The man, who told the family his name was Abdel Khader Abu Ahmad, died from his wounds just a few hours before the reporters arrived at the house.

Nearby, in a small mosque, the body of another man, apparently a fighter, lay partially covered under a green coat and a colorful striped blanket. The man had been wounded, and someone tried to give him first aid, apparent from the blood-stained bandages over his right arm.

The military's refusal to allow ambulances to collect the dead and wounded has drawn sharp complaints and cries of outrage from Bethlehem's residents, including medical workers and clergymen. One ambulance was allowed out for about a half an hour this afternoon, under an agreement negotiated between the Israeli military and the Red Crescent Society. The driver, Jamal Balboul, picked up three dead bodies and two wounded people – and with no room in the back, he stacked the dead in first, and put the two injured people on top.

"It's unimaginable," said the Rev. Maroun Lahham, rector of the Latin Seminary of Bethlehem. "Even in the worst of wars, the Red Cross was always allowed to come and help people."

Lahham said many people around the world were concerned with the fate of Bethlehem's Church of the Nativity, built on the spot where Jesus is believed to have been born, and where tonight 200 or so Palestinian militiamen remained sheltered, surrounded by a ring of Israeli tanks and troops outside. But Lahham said he was more concerned about those injured in the city who were being prevented from getting medical attention.

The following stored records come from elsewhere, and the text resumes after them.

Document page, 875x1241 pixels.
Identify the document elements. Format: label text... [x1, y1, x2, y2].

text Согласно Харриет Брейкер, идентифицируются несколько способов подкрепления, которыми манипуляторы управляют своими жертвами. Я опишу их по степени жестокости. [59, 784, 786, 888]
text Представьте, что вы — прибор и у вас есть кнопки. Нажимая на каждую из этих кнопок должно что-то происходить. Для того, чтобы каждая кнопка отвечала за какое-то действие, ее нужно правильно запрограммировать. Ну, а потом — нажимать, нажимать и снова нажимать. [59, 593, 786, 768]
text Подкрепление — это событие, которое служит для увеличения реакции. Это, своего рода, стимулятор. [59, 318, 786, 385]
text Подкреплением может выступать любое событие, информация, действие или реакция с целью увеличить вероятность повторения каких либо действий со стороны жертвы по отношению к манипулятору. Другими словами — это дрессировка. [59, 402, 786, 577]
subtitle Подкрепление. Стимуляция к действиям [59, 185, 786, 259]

"For me, the dignity of human beings is even more important," he said. "People are bleeding to death. This is more important than the Basilica of the Nativity."

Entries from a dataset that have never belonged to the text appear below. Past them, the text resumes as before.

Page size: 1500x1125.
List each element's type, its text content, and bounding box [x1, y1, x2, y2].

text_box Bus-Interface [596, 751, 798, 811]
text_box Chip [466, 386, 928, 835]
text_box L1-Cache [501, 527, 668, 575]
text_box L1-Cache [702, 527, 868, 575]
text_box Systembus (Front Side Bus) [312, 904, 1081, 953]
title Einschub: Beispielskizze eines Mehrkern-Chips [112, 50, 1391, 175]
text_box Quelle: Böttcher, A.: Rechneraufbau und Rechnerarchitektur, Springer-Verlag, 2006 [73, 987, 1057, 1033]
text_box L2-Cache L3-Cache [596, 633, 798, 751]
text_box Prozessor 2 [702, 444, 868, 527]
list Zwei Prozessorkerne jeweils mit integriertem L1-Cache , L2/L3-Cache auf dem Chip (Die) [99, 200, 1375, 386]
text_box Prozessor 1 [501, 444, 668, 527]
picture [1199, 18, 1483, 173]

Peter Qumri, director of the nearby Beit Jala hospital, said he believed about nine people were killed during the initial Israeli assault on the town, and five others died today. He said it was impossible to get an accurate count of the wounded while the city remained under a curfew.

An Israeli army spokesman said the current policy was to restrict the movement of ambulances around Manger Square, where the Church of the Nativity is located, and the approach roads because of ongoing sniper fire. "But as soon as they can go, they go," he said. He also said Palestinian ambulances were being stopped and checked because in the past they were discovered to be ferrying weapons. Before the Passover holiday, he said, an ambulance carrying a three-year-old boy was stopped, and soldiers discovered a belt of explosives hidden underneath the stretcher.

The streets of this picturesque town showed the extent of the devastation caused during that initial Israeli push into the city. Dozens of cars are smashed along Farahieh Street, one of the main roads leading into the Old City, apparently crushed by tanks as they wound their way through the narrow passageways.

The turquoise shutters across many of the shops had been ripped away, as soldiers were apparently searching the buildings, for weapons or hidden gunmen.

Pope Paul VI Street was deserted of people, and littered with debris. The only noise was the mournful wail of a burglar alarm at a pharmacy. Palestinians had apparently tried to erect some makeshift barricades of metal and tires, which were no match for the tanks and armored vehicles that rolled over them. At several points, water rushed onto the street from burst water pipes.

Much of the focus today was on the Church of the Nativity, where 200 people, mostly "tanzim" militiamen from the Al Aqsa Brigade, were holed up. Father Parthenius, a Canadian Greek Orthodox priest inside, said the militiamen were frightened, but were respectful of the church and the clergy. He said many of the fighters were Christians and joined in the several masses held there each day. Several wounded militiamen had been treated on the scene.

The fighters were sleeping in the church's large Basilica. The biggest problem was the lack of food for the fighters. He said they were surviving on tea and biscuits.

"They're carrying their own weapons," he said. "But I think they are out of ammunition." He said the militiamen never tried to fire from the church, which would be impossible anyway since there are no windows in the closed structure.

Even as negotiations continued, he said he was unsure what might end the standoff. "To tell you the truth, we don't know what they want," he said. "I will never ask them to leave. It's up to them."